Underneath our house are a couple of arched roof caves. When we first viewed the house with the agent immoblier there was a grey long eared bat hanging behind a ceiling light. We were assured that bats weren’t protected in France, but we’ve subsequently found out otherwise.
Since our initial visit, luckily for us, the bat has not been seen. There are no sign of bat droppings in the caves; unlike the loft with it’s broken window; so hopefully it was a fleeting visit.
When we first visited the house and caves there was clutter everywhere. The previous occupant spent several weeks clearing the house, with huge bonfires burning 12 hours a day, 5 days a week. The caves are now completely empty.
A couple decades ago; when I was first dating Mandy; I was an electronics engineer making tiny radio tags to track all types of animals from birds to elephants. One of our very first text exchanges went along the lines of ‘What you doing?… ‘Shaving a Bat’s neck. It’s giving me the evil eye!’…’huh? A live one?’
With radio tags, you had to use a nose hair trimmer to shave a tiny spot on the back of the bat’s head before using a tiny amount of super glue to attach the tag. After a couple days, the bat would shed it’s skin, along with the tag. The data could be used to track spread of diseases, bat populations or in this particular case see if bats were crossing from a small island (Brownsea Island) to the mainland to feed.
Having held dozens of bats of many species, I know even the largest looking bat can squeeze through the tiniest of gap. To stop the bats getting into the cave we’d need to make new doors. The bottoms are rotten and there are massive gaps all around. If you remade the doors using the current dimensions, at best in terms of wind and weather resistance the best description might be ‘gate’.
There are two huge air vents leading down into the caves that a bat could easily fly through without slowing.
You can buy some lovely looking reproduction cast iron grates. However, they aren’t the right size for the hole. Therefore we needed more than one. The problem is the vent hole is smaller than two. Therefore, the only answer was to butcher two into one.
We didn’t want to overly restrict the hole as the Creuse region is a high Radon gas area and keeping the caves cool has obvious advantages.
The first job was to measure the hole and then cut up the cast iron grates on the band saw.
The grate needed to be 410mm by 170mm. Where as each cast iron grate is 239mm long by 161mm tall. Simply joining two grates end to end would get a vent 478mm long. Therefore some careful cutting was needed.

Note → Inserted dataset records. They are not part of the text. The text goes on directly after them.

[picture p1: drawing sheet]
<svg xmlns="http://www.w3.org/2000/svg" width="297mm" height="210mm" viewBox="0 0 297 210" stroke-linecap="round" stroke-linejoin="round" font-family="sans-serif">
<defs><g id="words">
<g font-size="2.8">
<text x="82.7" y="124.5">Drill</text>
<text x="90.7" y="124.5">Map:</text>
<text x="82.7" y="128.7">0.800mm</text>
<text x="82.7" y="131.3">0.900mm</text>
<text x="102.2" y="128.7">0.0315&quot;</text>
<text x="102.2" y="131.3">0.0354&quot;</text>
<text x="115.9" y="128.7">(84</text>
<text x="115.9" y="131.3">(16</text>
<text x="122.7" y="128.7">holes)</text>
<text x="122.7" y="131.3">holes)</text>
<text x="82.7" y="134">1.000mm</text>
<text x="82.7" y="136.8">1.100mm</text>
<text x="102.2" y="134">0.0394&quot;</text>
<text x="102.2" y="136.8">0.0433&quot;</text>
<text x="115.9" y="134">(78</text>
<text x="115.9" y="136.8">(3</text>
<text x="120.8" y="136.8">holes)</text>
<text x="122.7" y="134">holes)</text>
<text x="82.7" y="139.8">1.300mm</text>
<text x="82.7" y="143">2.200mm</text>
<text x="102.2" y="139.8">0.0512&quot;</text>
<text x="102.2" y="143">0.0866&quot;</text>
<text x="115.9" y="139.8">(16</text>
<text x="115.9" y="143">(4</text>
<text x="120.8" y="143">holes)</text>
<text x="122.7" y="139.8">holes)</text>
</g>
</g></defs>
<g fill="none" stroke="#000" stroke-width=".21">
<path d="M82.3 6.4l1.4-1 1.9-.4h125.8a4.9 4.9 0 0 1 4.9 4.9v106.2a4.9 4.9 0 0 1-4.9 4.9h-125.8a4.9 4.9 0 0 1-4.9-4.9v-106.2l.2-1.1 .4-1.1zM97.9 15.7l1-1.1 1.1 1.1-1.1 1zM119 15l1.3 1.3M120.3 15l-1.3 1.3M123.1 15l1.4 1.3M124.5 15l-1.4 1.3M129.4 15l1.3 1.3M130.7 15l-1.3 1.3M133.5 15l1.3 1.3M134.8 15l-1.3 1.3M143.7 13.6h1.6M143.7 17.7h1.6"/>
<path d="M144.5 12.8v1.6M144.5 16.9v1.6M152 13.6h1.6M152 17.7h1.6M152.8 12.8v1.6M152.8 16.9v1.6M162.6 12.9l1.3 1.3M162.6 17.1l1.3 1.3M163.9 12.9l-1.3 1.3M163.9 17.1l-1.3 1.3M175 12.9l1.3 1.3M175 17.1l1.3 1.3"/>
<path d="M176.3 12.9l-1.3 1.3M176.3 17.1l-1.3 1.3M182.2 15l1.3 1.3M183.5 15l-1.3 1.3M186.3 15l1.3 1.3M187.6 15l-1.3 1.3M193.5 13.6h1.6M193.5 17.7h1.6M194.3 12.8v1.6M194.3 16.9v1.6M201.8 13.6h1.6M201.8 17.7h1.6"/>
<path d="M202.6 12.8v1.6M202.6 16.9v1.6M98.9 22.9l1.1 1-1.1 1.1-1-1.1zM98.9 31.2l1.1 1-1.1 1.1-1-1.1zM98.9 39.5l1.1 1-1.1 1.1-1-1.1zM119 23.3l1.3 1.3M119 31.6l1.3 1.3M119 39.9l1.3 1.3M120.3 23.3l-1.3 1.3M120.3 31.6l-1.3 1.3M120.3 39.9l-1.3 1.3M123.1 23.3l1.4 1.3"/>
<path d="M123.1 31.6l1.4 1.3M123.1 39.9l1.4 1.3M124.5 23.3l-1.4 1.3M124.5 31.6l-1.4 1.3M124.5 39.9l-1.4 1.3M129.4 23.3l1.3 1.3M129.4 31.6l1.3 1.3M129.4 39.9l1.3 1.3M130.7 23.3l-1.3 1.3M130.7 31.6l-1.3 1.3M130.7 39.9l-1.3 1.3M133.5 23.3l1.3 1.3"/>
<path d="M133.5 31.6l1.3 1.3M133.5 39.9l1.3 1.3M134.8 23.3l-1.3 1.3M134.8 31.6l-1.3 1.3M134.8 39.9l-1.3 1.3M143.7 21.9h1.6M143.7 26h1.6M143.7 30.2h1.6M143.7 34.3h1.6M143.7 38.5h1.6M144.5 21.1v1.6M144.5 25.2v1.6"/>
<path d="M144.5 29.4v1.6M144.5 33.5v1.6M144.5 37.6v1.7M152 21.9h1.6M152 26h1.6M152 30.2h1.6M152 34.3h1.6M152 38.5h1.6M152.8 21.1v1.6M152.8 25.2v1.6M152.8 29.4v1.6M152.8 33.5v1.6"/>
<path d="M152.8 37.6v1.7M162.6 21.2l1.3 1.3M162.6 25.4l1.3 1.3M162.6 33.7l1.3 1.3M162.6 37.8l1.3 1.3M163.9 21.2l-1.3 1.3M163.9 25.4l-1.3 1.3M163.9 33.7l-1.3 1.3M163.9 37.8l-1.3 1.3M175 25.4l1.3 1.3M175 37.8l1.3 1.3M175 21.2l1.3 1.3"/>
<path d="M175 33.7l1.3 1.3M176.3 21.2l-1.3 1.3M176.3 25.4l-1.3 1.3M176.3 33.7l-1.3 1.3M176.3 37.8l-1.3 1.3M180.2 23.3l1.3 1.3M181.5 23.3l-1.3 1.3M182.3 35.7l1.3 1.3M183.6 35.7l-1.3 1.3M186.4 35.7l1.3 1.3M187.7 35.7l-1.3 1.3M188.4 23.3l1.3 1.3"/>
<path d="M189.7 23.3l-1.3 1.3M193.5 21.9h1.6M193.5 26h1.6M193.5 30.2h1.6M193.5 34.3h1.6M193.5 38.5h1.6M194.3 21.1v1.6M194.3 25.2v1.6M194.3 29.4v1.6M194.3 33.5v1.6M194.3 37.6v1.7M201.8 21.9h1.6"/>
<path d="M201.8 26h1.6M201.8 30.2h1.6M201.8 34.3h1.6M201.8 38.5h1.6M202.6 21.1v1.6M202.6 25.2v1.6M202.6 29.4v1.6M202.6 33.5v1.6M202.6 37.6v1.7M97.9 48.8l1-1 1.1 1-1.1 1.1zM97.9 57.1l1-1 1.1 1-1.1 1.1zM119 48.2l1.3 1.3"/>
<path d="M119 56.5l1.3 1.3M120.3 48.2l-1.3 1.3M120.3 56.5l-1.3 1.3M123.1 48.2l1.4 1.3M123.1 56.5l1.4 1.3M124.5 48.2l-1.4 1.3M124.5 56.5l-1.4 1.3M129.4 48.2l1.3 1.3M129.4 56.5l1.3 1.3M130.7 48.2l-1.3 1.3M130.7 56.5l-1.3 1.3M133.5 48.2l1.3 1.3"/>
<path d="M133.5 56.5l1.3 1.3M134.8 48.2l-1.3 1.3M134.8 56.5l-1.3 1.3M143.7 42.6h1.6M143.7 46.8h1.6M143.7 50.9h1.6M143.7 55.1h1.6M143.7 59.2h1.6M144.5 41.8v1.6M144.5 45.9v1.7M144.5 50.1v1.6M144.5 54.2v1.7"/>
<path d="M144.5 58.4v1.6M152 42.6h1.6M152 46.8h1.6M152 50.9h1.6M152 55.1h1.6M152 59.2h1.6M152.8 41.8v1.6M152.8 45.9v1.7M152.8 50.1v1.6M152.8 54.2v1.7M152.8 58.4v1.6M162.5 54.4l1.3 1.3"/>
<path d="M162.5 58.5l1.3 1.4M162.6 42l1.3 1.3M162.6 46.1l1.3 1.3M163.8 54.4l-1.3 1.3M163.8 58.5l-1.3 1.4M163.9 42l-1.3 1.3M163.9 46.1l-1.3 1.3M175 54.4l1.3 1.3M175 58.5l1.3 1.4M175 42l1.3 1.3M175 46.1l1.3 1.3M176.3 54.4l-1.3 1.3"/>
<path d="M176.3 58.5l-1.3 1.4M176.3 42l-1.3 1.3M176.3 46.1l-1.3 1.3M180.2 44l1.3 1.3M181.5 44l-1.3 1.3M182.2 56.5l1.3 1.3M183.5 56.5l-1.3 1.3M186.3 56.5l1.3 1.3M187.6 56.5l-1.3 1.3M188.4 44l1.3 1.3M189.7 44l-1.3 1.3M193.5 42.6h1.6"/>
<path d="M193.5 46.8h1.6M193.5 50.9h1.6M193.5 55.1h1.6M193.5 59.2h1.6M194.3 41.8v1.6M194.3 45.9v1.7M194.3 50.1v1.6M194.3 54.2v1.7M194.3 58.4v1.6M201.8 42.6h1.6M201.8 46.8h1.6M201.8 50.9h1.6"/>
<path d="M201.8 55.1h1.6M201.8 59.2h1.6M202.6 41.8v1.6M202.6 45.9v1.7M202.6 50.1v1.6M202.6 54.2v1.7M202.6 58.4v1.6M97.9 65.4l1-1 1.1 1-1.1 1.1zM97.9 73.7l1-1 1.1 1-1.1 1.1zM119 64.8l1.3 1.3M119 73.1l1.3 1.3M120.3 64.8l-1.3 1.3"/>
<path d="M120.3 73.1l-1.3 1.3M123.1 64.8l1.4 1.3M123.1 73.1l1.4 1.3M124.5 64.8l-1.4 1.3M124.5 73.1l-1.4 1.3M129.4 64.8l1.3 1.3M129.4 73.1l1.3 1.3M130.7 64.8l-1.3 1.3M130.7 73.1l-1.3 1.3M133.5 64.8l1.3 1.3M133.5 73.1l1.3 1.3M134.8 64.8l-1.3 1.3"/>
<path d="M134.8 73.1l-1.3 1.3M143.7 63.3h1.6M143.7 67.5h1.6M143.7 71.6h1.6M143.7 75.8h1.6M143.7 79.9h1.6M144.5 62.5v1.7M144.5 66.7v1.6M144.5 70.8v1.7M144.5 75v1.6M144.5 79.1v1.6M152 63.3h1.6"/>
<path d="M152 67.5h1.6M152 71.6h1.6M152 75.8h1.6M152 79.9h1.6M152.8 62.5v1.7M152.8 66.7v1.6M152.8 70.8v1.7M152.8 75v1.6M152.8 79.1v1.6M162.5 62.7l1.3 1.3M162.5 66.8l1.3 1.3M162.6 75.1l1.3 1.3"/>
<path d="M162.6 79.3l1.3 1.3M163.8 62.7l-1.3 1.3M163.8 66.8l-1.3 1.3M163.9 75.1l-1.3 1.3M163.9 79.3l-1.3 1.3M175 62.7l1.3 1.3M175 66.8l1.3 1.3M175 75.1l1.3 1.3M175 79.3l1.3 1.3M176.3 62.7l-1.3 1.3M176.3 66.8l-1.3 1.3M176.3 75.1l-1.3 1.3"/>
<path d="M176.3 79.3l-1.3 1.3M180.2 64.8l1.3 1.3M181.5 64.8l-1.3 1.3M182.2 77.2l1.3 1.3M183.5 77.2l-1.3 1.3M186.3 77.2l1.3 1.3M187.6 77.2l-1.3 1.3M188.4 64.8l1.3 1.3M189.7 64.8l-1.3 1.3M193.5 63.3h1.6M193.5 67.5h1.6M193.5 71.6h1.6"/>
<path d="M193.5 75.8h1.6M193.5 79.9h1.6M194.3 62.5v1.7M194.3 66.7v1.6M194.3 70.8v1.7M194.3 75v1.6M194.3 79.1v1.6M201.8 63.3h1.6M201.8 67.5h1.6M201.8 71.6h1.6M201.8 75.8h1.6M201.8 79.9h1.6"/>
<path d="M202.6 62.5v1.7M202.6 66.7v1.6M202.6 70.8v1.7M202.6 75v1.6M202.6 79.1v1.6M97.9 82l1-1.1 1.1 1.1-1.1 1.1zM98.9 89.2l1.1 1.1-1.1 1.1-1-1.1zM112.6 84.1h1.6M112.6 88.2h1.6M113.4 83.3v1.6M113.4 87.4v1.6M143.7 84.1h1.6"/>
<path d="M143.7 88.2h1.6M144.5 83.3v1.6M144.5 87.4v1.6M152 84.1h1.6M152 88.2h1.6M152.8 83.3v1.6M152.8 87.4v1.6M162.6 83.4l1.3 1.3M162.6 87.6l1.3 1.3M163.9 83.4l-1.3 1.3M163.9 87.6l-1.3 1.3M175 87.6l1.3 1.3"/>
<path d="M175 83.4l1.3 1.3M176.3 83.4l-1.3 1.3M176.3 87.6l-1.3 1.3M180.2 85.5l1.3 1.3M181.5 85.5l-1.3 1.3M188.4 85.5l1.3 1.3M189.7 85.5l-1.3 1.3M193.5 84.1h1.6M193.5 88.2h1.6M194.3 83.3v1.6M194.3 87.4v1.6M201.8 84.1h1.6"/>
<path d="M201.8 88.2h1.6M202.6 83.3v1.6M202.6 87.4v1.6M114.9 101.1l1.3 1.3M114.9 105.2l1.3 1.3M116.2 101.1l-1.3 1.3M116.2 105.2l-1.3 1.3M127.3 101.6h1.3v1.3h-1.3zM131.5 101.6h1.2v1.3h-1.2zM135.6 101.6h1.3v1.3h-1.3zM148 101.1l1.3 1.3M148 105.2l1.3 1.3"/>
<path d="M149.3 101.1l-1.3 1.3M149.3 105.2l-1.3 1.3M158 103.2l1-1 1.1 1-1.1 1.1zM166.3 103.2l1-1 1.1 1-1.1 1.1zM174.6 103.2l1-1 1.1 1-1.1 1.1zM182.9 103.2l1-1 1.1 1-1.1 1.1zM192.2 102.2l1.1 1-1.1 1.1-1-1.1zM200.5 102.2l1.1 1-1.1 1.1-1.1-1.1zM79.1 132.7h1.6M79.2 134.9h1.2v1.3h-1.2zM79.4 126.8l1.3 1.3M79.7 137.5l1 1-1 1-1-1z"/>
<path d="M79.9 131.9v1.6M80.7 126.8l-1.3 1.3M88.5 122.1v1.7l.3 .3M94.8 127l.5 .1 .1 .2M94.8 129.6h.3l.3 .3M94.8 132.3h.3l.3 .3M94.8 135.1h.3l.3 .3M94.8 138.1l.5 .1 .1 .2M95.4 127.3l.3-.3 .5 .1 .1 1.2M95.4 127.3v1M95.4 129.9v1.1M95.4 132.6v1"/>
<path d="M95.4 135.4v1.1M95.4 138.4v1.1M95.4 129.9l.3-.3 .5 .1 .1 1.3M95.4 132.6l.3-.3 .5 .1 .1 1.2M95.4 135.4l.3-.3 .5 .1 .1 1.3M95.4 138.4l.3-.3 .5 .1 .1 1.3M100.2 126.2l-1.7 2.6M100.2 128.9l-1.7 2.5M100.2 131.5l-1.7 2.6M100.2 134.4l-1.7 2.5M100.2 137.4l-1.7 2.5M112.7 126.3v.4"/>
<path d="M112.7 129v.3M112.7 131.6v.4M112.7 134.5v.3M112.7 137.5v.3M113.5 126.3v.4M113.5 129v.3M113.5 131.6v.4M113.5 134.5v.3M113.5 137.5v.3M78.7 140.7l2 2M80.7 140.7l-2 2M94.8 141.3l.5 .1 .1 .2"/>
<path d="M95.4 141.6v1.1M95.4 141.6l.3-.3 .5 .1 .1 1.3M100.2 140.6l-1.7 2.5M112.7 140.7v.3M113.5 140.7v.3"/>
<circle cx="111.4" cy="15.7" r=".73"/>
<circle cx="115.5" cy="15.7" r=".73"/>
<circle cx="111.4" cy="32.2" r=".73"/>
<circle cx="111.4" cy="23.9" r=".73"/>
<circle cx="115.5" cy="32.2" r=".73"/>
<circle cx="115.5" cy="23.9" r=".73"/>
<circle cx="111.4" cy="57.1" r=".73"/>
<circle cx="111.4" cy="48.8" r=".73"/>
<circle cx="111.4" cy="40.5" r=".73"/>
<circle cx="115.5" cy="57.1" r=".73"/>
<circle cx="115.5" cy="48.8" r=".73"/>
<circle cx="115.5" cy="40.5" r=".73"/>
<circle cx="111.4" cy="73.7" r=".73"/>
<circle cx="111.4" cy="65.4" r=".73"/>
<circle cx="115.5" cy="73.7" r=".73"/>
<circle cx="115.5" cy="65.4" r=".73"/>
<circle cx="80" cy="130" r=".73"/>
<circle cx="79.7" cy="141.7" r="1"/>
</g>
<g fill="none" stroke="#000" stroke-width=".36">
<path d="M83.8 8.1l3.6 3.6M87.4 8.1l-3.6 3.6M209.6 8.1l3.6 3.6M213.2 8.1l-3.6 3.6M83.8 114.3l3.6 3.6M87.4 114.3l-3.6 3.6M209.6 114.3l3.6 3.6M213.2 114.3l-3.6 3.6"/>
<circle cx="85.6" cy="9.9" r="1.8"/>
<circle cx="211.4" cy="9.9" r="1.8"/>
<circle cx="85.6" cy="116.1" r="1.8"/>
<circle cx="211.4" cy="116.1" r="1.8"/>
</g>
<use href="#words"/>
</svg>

I cut the vents into several pieces.
Vise clamps were then used to grip them together whilst I MIG welded them together.
Being cast iron, the metal wasn’t the best for welding. It was full of impurities. Luckily, this isn’t something structural and is basically for looks.
Once sanded back with a disc sander, the grate looked pretty good.
The grate will be sprayed matt gun metal black, with two coats of lacquer. It with then be concreted into the hole.
Added to the back of the grate will be some fine wire mesh to stop the cluster flies. The caves are never going to be air tight, but this will help block an easy access route.